I'll offer up that I've had a hard time wrapping my mind around them and that in practice it seems like you need to implement a check pointing operation on top of them which is necessarily not conflict-free, or your replication log will expand without bound & eventually overwhelm your system. (Though perhaps not, depending on your problem domain. Not CRDTs but in this interview the engineers discuss a massive, high frequency replication log that they don't checkpoint, which they've been running at scale for years. Though you could also say they implicitly checkpoint every trading day, and they're working on implementing checkpointing. https://signalsandthreads.com/state-machine-replication-and-...)
That being said I would use CRDTs for any greenfield collaboration project.
One common failure mode is that two people start typing at the beginning of the same line, and rather than getting two lines, it alternates characters. At least, Etherpad did this.
Has anyone used Yjs in practice? I've tried recently but the docs seem terribly unfinished sadly. And their lacking examples of how to use it for another purpose (other than text editing).
Yjs is being quite heavily used in the industry[1], and being researched by even more companies. There are also demos showing how to integrate it with an existing rich text editors[2]. If you have some ideas about the missing parts, you could also open topic on discuss.yjs.dev - the documentation page (https://docs.yjs.dev) has tons of useful links thou.

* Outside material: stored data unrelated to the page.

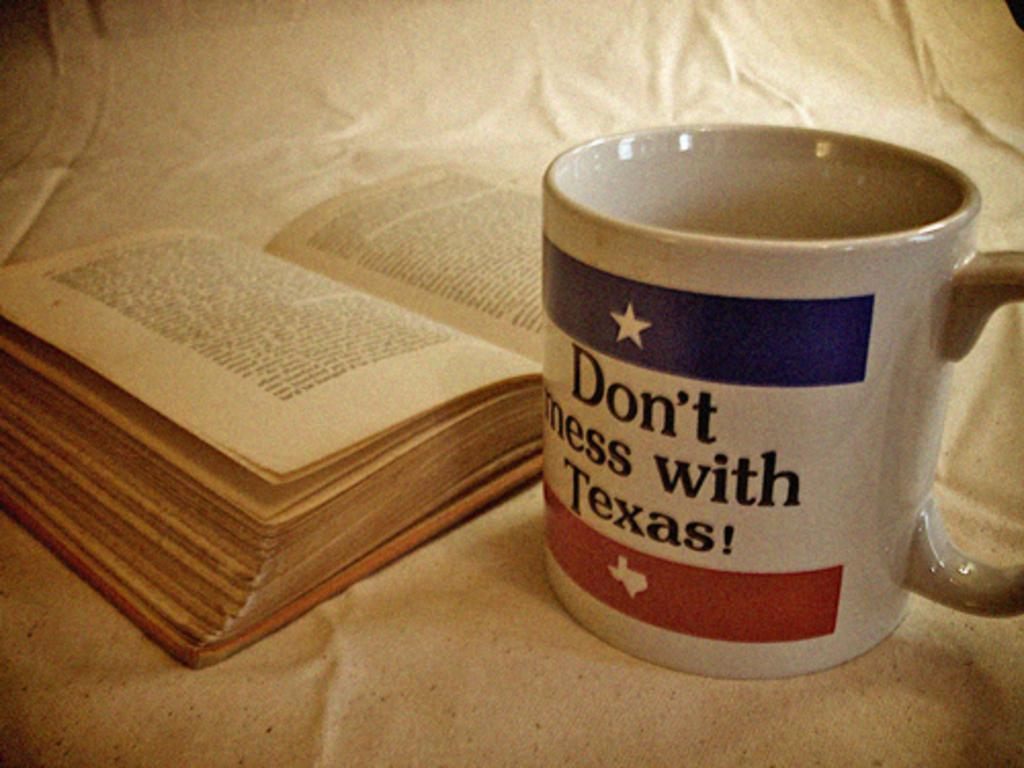<image>
Relay a brief, clear account of the picture shown. An open book is next to a coffee cup that says "don't mess with Texas!". 
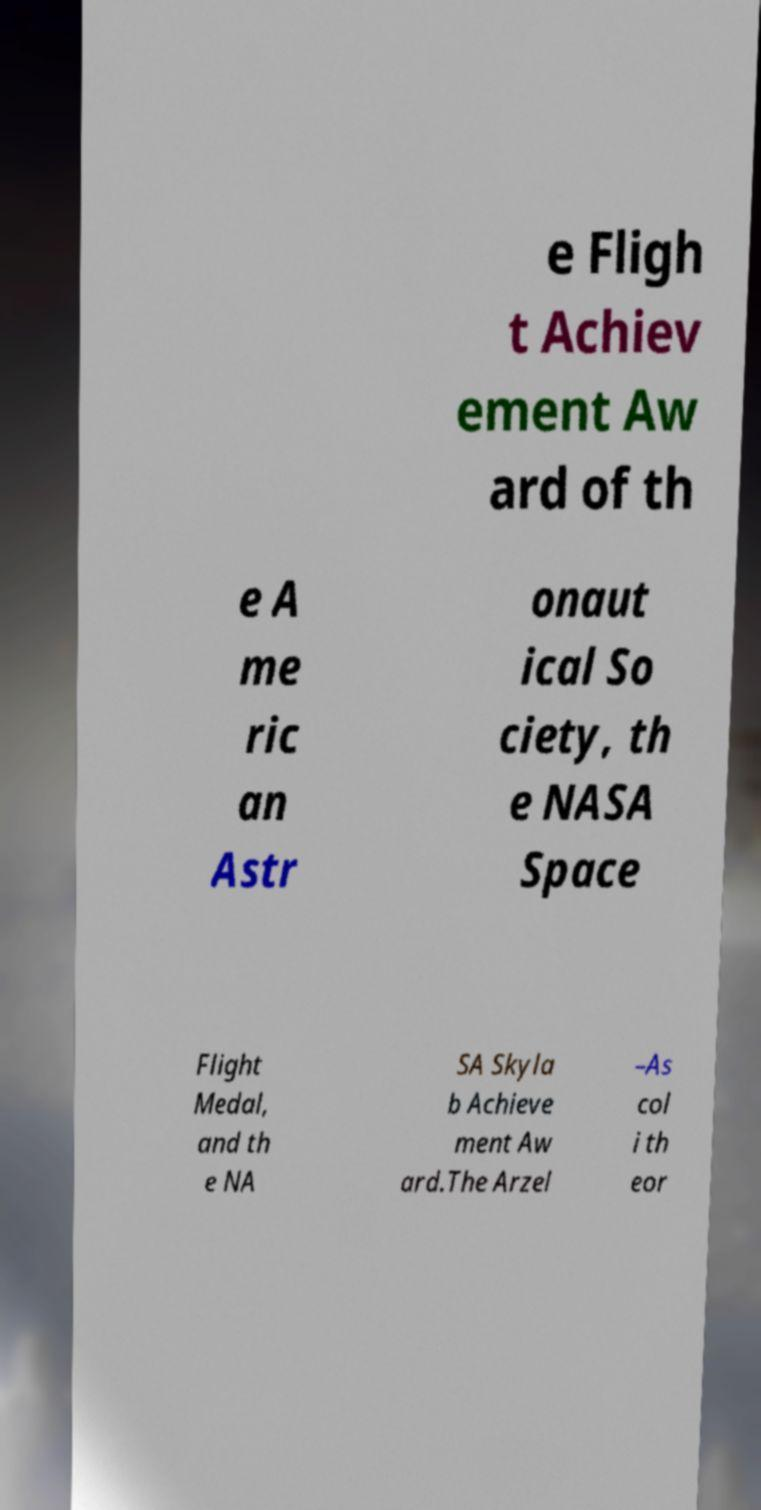Could you extract and type out the text from this image? e Fligh t Achiev ement Aw ard of th e A me ric an Astr onaut ical So ciety, th e NASA Space Flight Medal, and th e NA SA Skyla b Achieve ment Aw ard.The Arzel –As col i th eor 
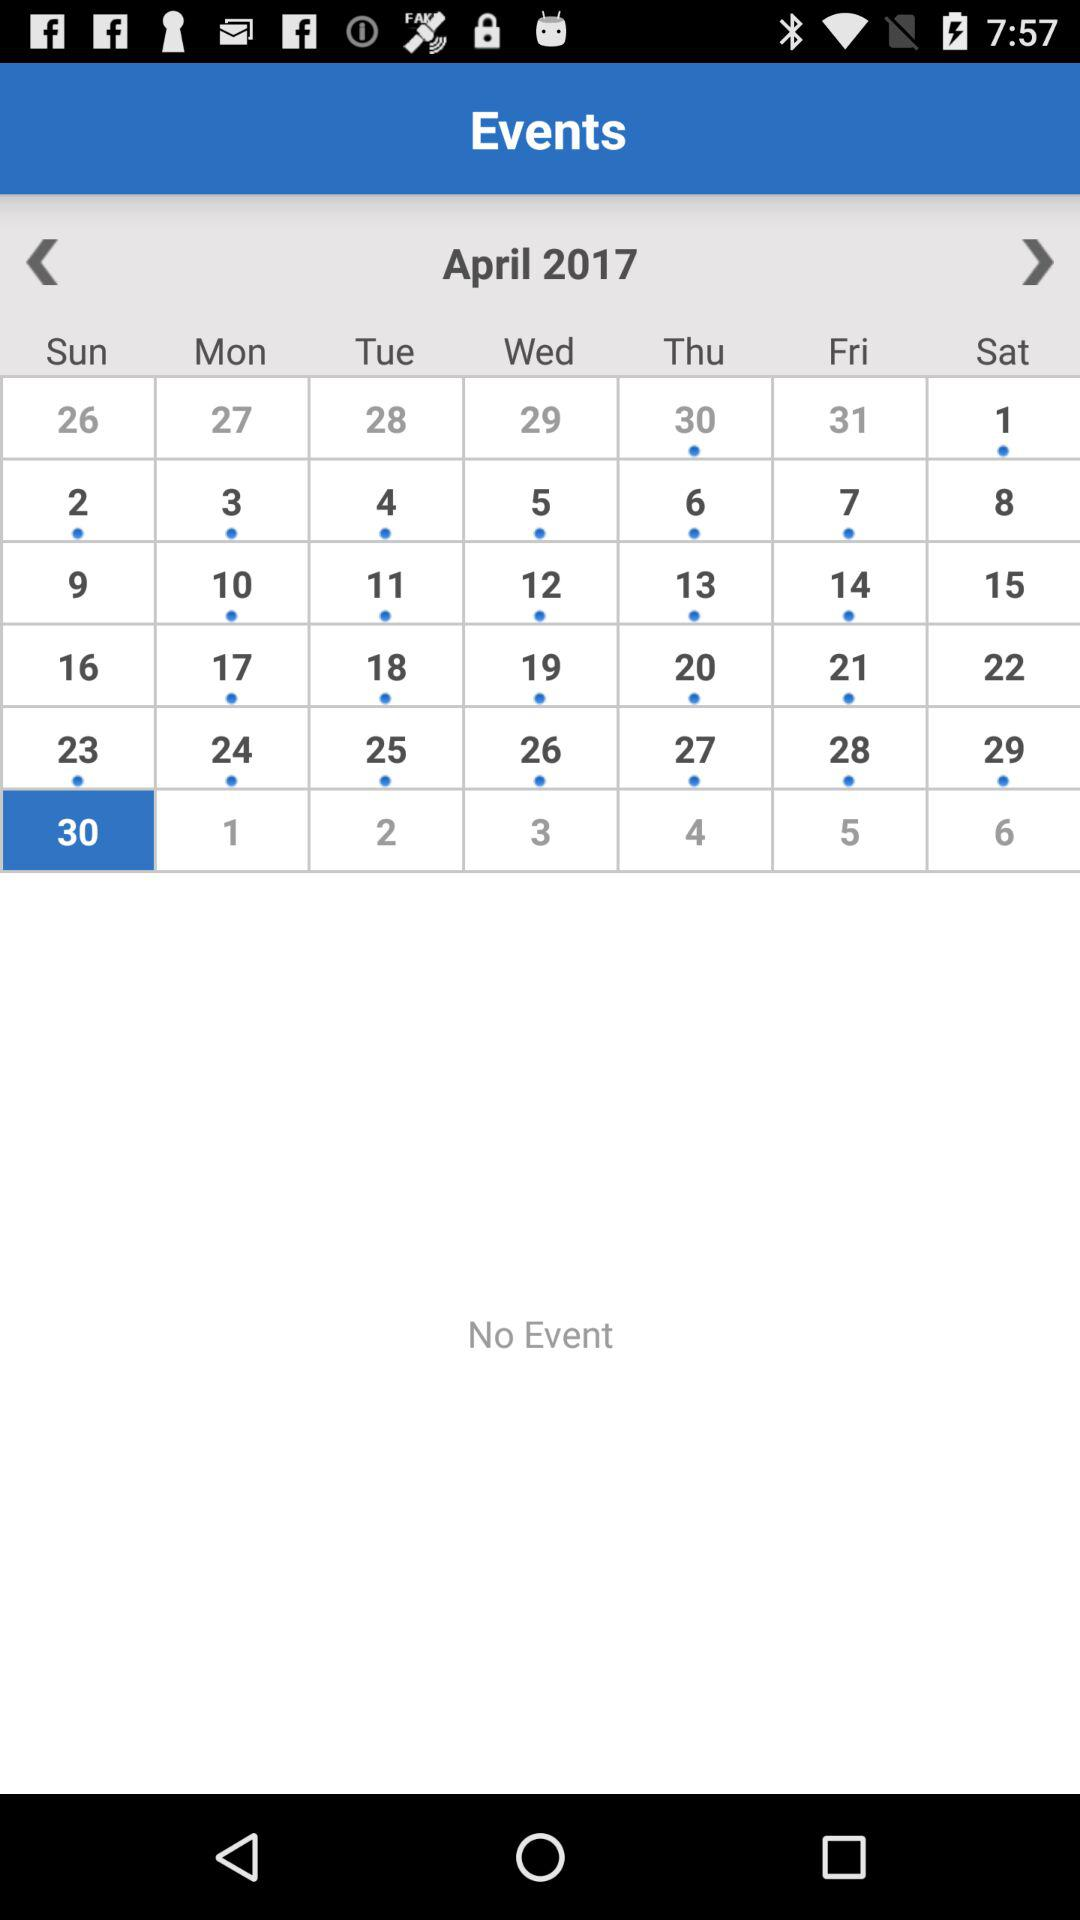What is the selected date? The selected date is Sunday, April 30, 2017. 
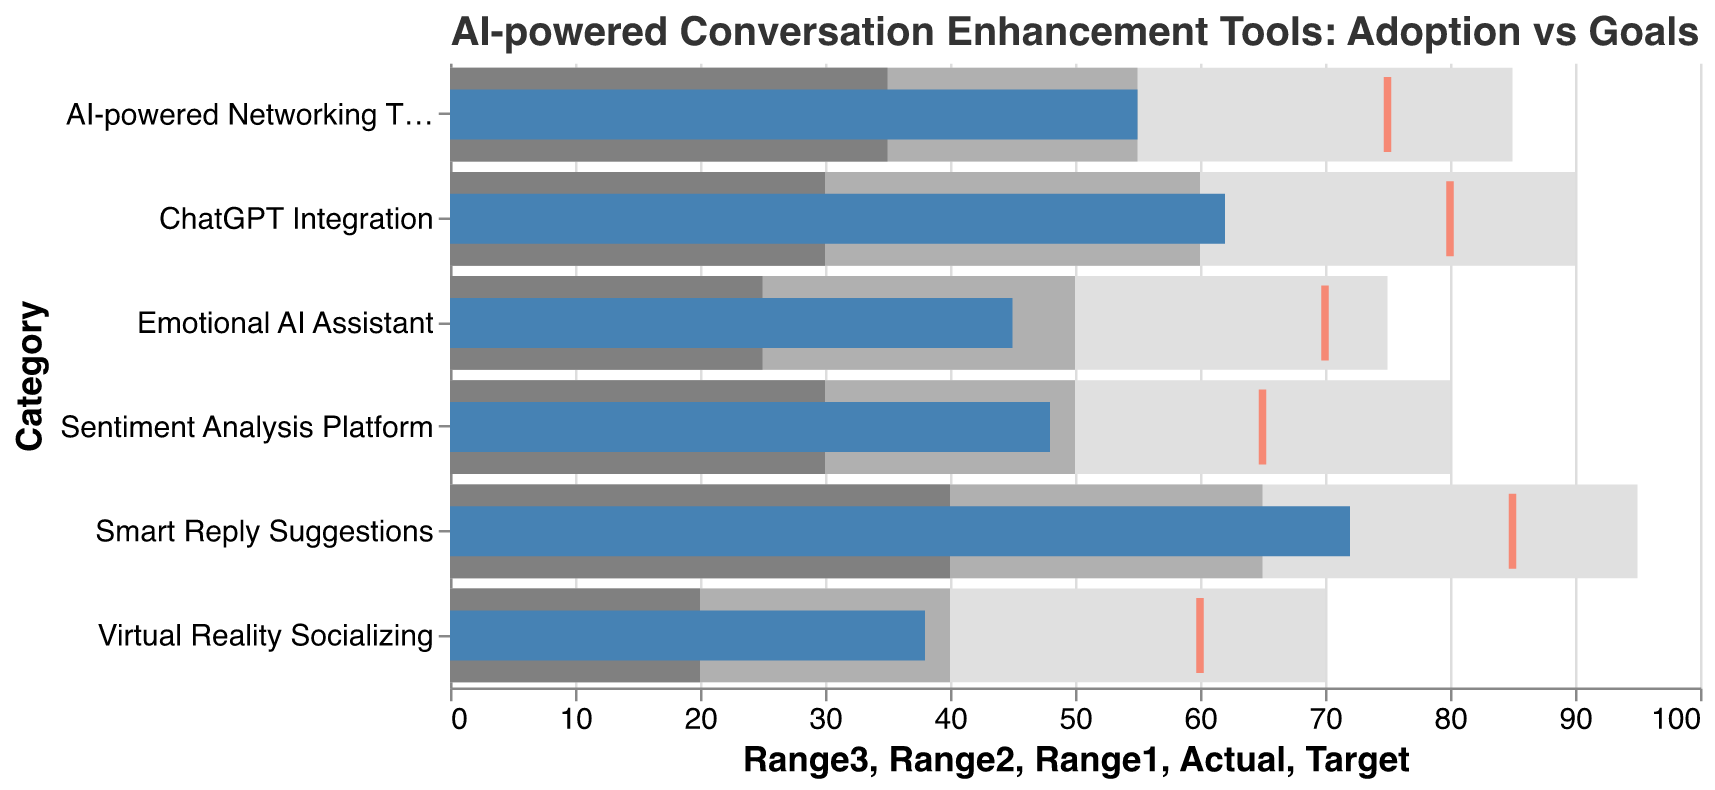What is the actual adoption rate of the Sentiment Analysis Platform? The actual adoption rate is represented by the blue bar corresponding to the "Sentiment Analysis Platform" category.
Answer: 48 Which tool has the highest target adoption rate? The tool with the highest target adoption rate is indicated by the tallest red tick mark.
Answer: Smart Reply Suggestions By how much did the ChatGPT Integration fall short of its target adoption rate? Subtract the actual adoption rate of ChatGPT Integration (62) from its target rate (80).
Answer: 18 What is the average of the actual adoption rates of all tools? Calculate the sum of the actual adoption rates (62 + 45 + 38 + 55 + 72 + 48) and divide by the number of tools (6). Sum is 320, and 320/6 = 53.33.
Answer: 53.33 How many tools have an actual adoption rate higher than 50? Check the actual adoption rates listed and count the number of rates greater than 50. ChatGPT Integration (62), AI-powered Networking Tools (55), and Smart Reply Suggestions (72).
Answer: 3 Which tool has the smallest difference between its actual and target adoption rates? Calculate the differences for each tool by subtracting the actual rate from the target rate: ChatGPT Integration (18), Emotional AI Assistant (25), Virtual Reality Socializing (22), AI-powered Networking Tools (20), Smart Reply Suggestions (13), Sentiment Analysis Platform (17).
Answer: Smart Reply Suggestions What is the range of adoption rates for the Emotional AI Assistant tool? The range is calculated by finding the difference between the highest range value (75) and the lowest range value (25).
Answer: 50 Is the actual adoption rate of any tool higher than its highest range? Compare the actual adoption rates with the Range3 values of each tool. None of the actual rates exceed their respective highest range values.
Answer: No Which tool falls into the lowest range category, and what is that range? Identify the tool where the actual adoption rate falls within the lowest range specified. Virtual Reality Socializing has an actual rate of 38, which falls in the range of 20-40.
Answer: Virtual Reality Socializing, 20-40 Which tool exceeds its Range2 but is below its target adoption rate? Compare actual adoption rates to Range2 and Target. ChatGPT Integration (62) falls between its Range2 (60) and Target (80).
Answer: ChatGPT Integration 
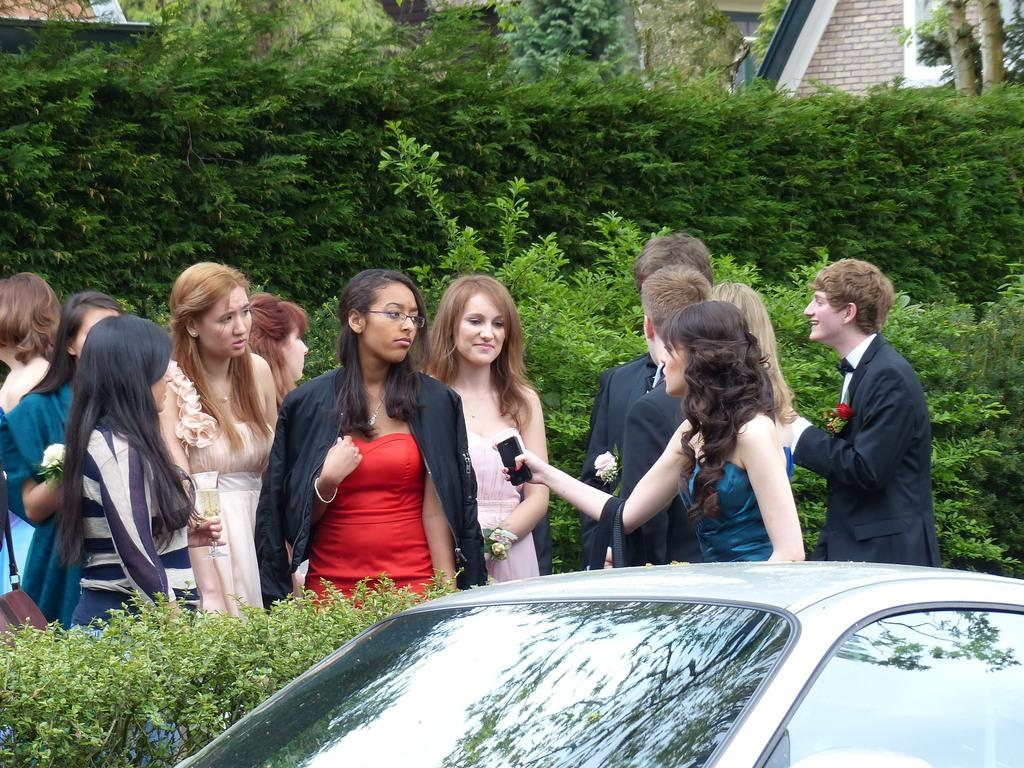What are the people in the image doing? The people in the image are standing and holding a cell phone and a glass. What object is visible in the hands of the people? The people are holding a cell phone and a glass. What is in front of the people in the image? There is a car in front of the people. What can be seen at the back of the image? There are trees and a house at the back of the image. What type of bell can be heard ringing in the image? There is no bell present or ringing in the image. Can you see any deer in the image? There are no deer visible in the image. 
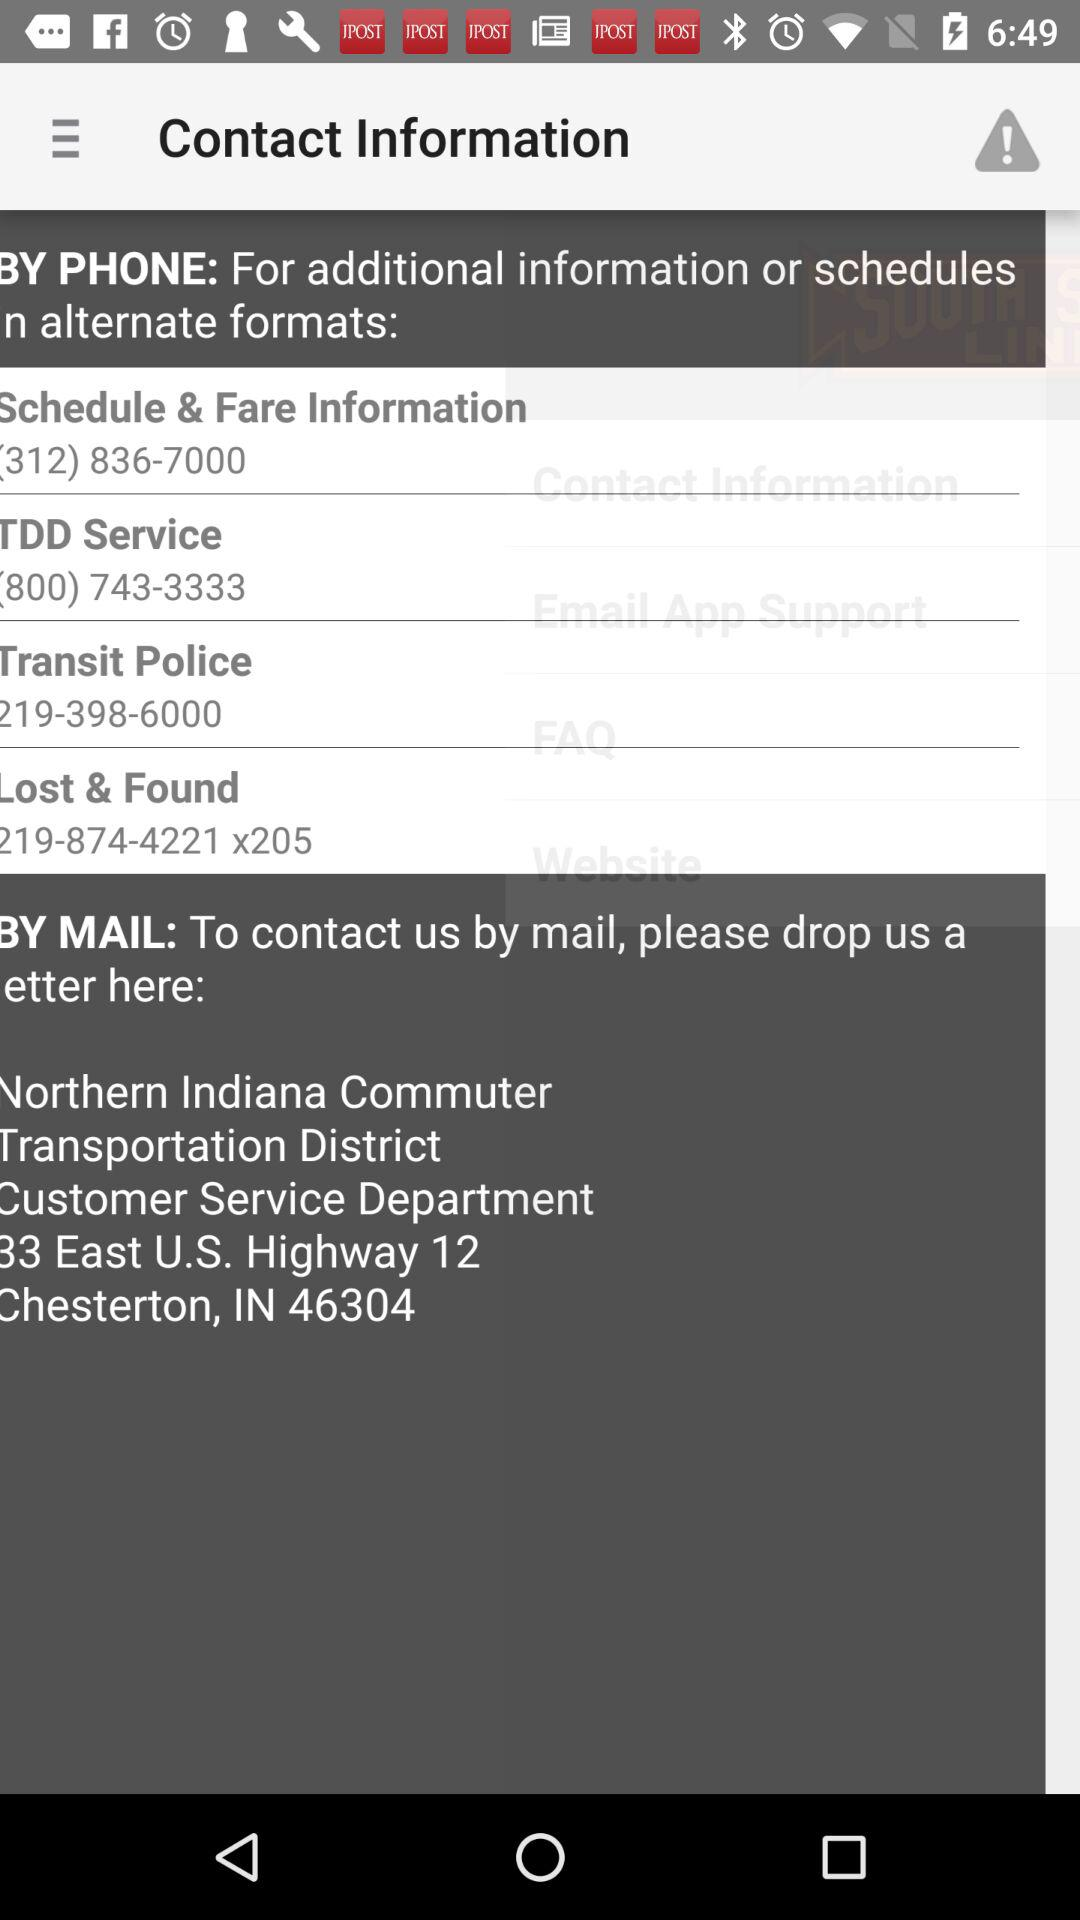What is the contact number for information about the schedule & fare information? The contact number is (312) 836-7000. 
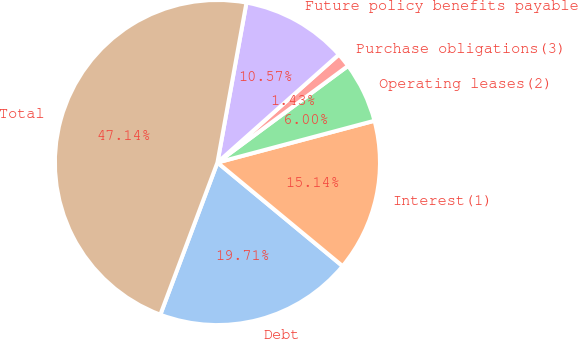Convert chart to OTSL. <chart><loc_0><loc_0><loc_500><loc_500><pie_chart><fcel>Debt<fcel>Interest(1)<fcel>Operating leases(2)<fcel>Purchase obligations(3)<fcel>Future policy benefits payable<fcel>Total<nl><fcel>19.71%<fcel>15.14%<fcel>6.0%<fcel>1.43%<fcel>10.57%<fcel>47.14%<nl></chart>

Re. other purpose projects - Yjs/Yrs main target are sequential data structures (text, arrays), but it also has support for maps and xml-like elements. In general you can build most data structures with it. I agree that it would be nice to have some other applications in demos though.
I remember reading about it in one of Martin Kleppmann’s papers, though I can’t remember which one.
It’s an ordering problem that comes from some of the simpler ordering algorithms. For Diamond types I’m using a variant of Yjs’s ordering. But even RGA doesn’t have this problem because each character’s insert location is specified by naming the character immediately to the left when that character was typed.
This repository implements a few different list CRDTs using an insertion sort approach, where the algorithm scans for the appropriate location every time an insert happens. This is the scanning function for RGA (automerge’s algorithm):
And this is an interactive visualisation of how diamond types works (which uses Yjs’s algorithm instead), complete with run-length encoding: https://home.seph.codes/public/diamond-vis/
That being said I would use CRDTs for any greenfield collaboration project.